PanNoirとは
PanNoir V1は、Merging Technologiesによって開発されたVSTプラグインで、任意のモノラルソースを別のステレオソースに合わせることができます。
クラシック録音の文脈では、メインのステレオペアとソリスト、よりダイナミックな楽器、またはアンビエンスマイクをキャプチャするスポットマイクがある場合、PanNoirは各スポットマイクを位相と振幅の両方でメインペアに完全に整合させることを可能にします。これにより、スポットマイクがミックスの左チャンネルと右チャンネルに正しい時間差で効果的に配置されます。従来のDAWのパンナーは単にレベルのみを使用し、時間差は考慮しません。
実際には、このツールは卓越したディテール、より正確で説得力のあるステレオイメージング、メインアレイとスポットマイク間の典型的なコムフィルタリングの補正を明らかにし、より開放的なサウンドをもたらします。
PanNoir 2.0とは
PanNoir 2.0の大きなアップグレードは、Pyramix 16に統合されたことであり、これによりVSTの前バージョンよりもはるかに柔軟になり、アルゴリズム面、処理面、UI統合の両方で改善がなされています。

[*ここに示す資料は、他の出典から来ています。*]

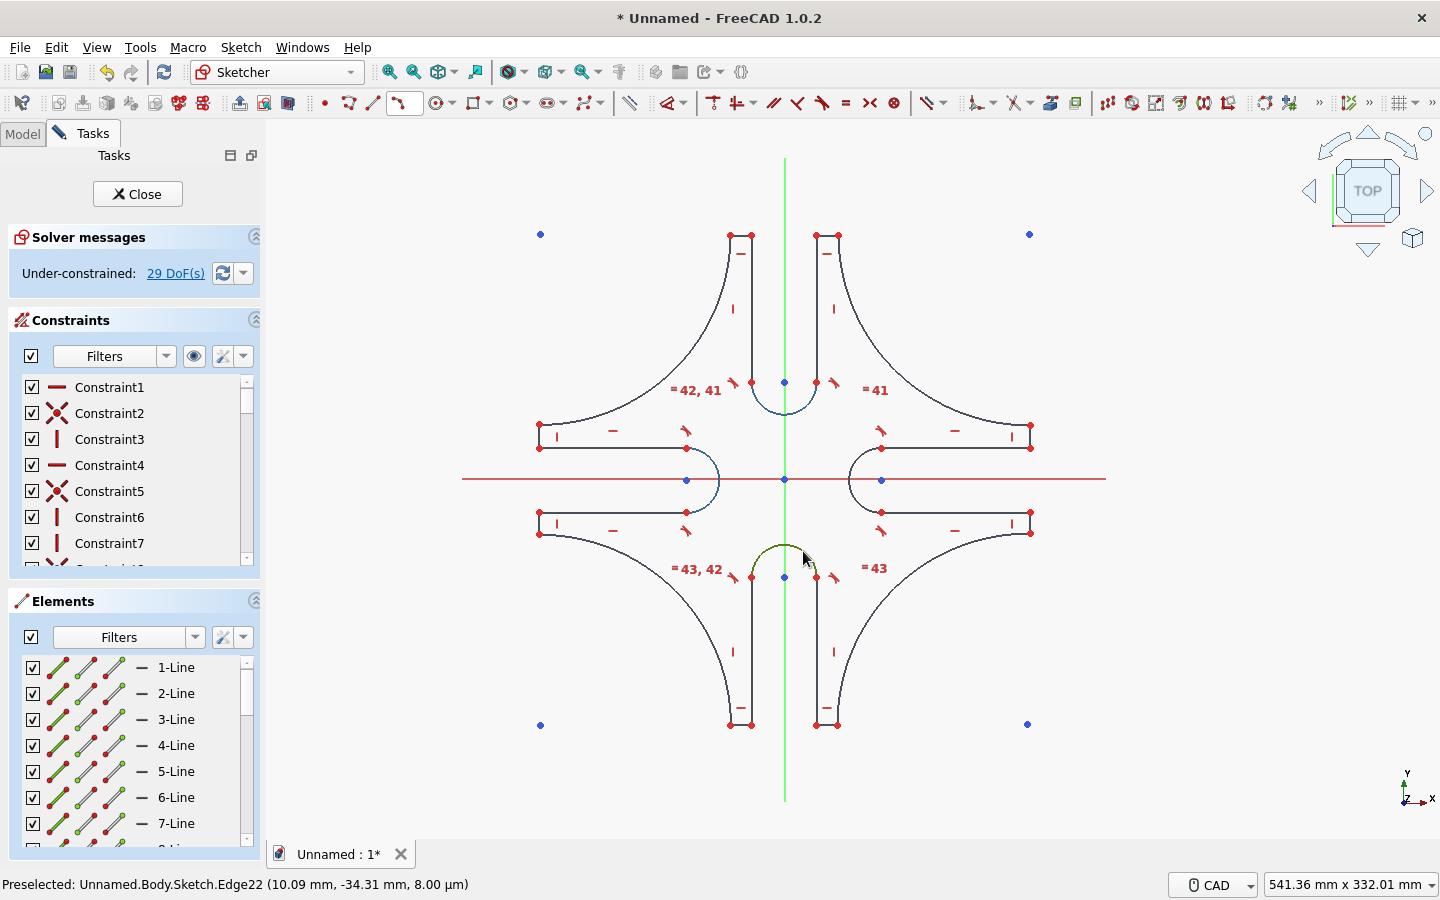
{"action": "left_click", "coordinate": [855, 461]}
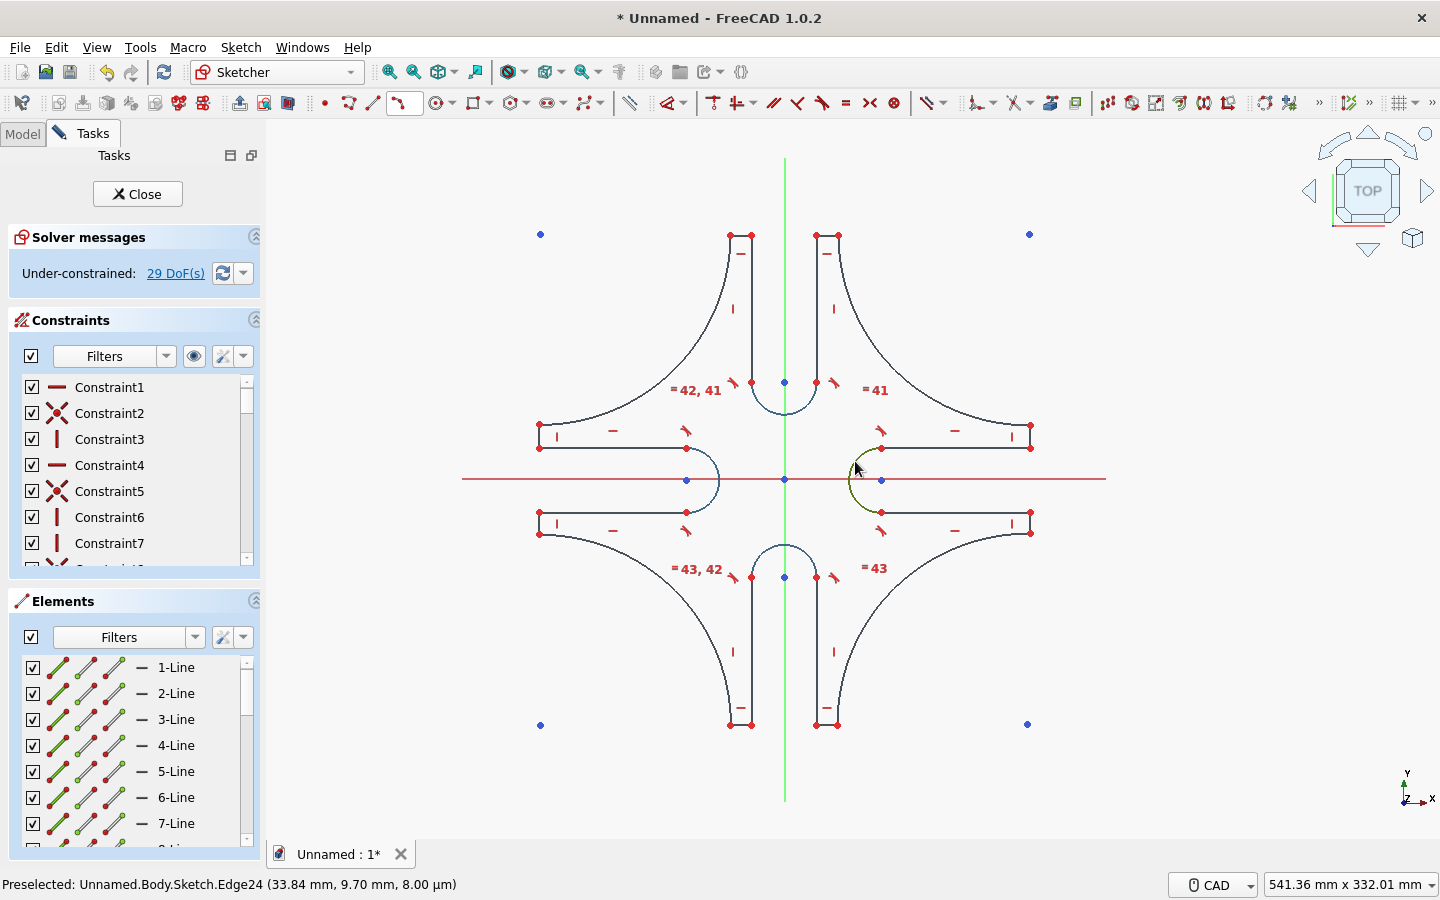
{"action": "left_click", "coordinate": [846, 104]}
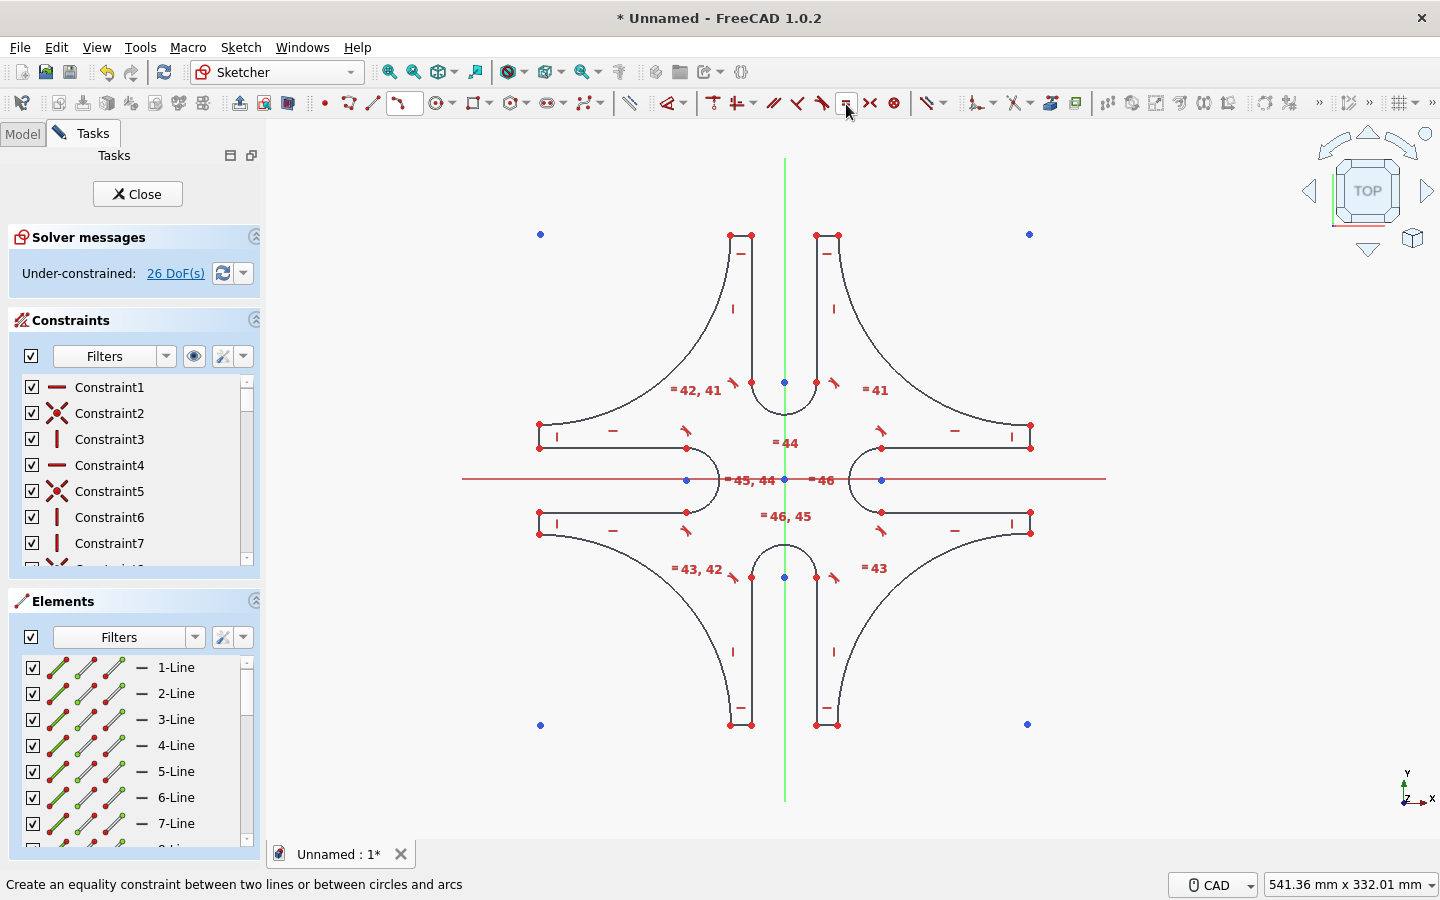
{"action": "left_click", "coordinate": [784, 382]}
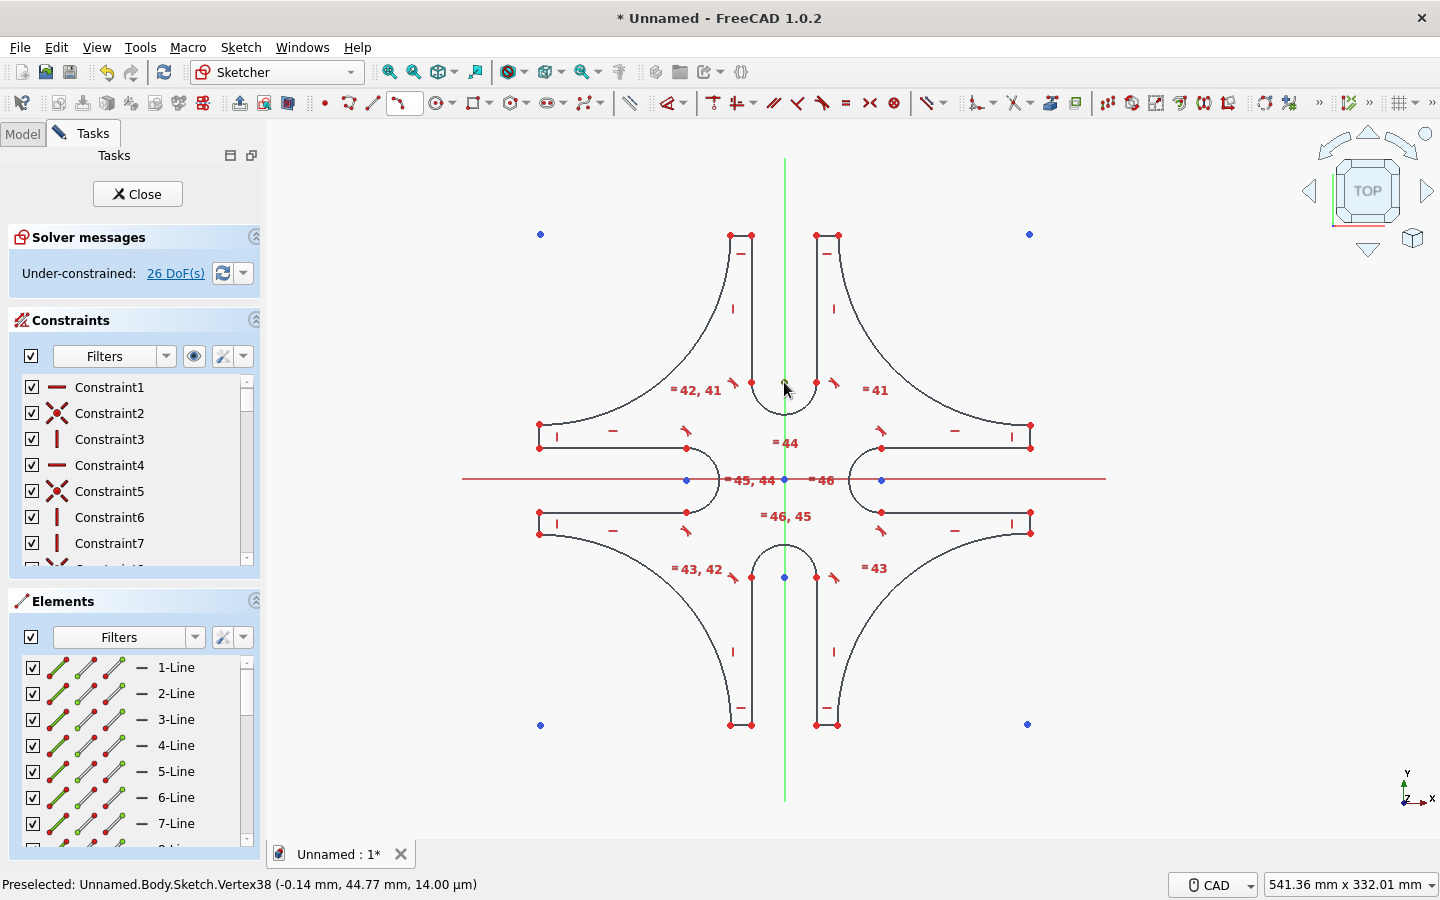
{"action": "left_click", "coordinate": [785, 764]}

また、ステレオのスポットマイクも整合可能になりました。
つまり、PanNoirは有効にするとミキサーの一部となり、従来のパンとエフェクトスロットの間に新しいUIラインとして表示されます:
PanNoir 2.0 の使い方は?
PanNoir 2.0 の有効化
まず、目的のプロジェクトのミキサーでPanNoirを有効にする必要があります:
これが完了すると、紹介で示した新しいPanNoirセクションがミキサーに表示されます。
メインステレオペアの設定
次に、スポットマイクの遅延と振幅が正しく計算されるように、メインステレオペアを適切に設定することが重要です。
そのために、メインアレイのステレオストリップ上でPanNoirのUIを開きます:
ここから、ストリップをメインステレオペア(1)として設定し、適切な距離、角度、指向性を設定できます。
UIの右下にある「Directivity Preset」領域では、MergingがNeumannの一部であることから提供されるNeumannマイクの正確な仕様に従って指向性を設定できます。
また、左下の「Room Size」を使用して、ビューのスケールを実際の録音に合わせたり、スポットマイクをよりクリエイティブに扱う際に詳細を拡大表示したりできます。
スポットマイクの設定
スポットマイクの配置については、ユーザーがスポットマイクと中心からの角度偏差との距離を指定できます:
これらの設定は手動で入力できますが、特に録音セットアップ時にマイクの位置が測定されていなかった場合、聴いたり波形を見たりするだけで元の位置を把握するのは難しいことがあります。
そこでMergingは、タイムラインに存在するオーディオを使用して、スポットマイクからメインアレイまでの距離を自動的に計算できるアルゴリズムを開発しました。以下で説明します。
PanNoirの追加機能として、「Balance」ノブがあり、従来のレベルパンを可能にします。
これは非常に便利で、距離と角度から計算された遅延と振幅は影響を受けず、信号は位相で完全に整合したまま、ユーザーが整合後に特定のスポットマイクの配置を誇張したり中央に寄せたりすることができます。
マイク位置の計算
マイク位置の計算はスポットマイクごとに行われ、スポットマイクごとに一度だけ実行する必要があります。
通常、セットアップ段階で、テスト信号を各スポットマイクのカプセルの近くからメインステレオペアに向けて発信し、飽和/クリッピングを避けるべきです。
約1秒の長さで倍音が豊富なテスト信号(スイープ、ギターコードなど)が最も効果的です。
スポットマイクの位置を計算したい場合は、以下の手順で進めてください:
サンプリングレートが48kHzを超えている場合は、プロジェクトを44.1kHzまたは48kHzに設定し、リアルタイムSRCを有効にしてください。
そうしないと、計算時間が管理不能になります(96kHzで5分以上、192kHzで2時間以上)。計算したいテスト信号の前にカーソルを置きます。
計算したいストリップのPanNoirを開き、「Compute Mic Position」をクリックします。
「OK」を押し、アルゴリズムに適切な距離を自動的に見つけさせます。
計算された距離を確認し、そのスポットマイクに適用するかどうかを決定します。
ソースの分離
多くの場合、オーバーダブとして録音された、または別の部屋で録音されたためにメインペアに信号が寄与しないソースをこの遅延計算から除外したい場合があります。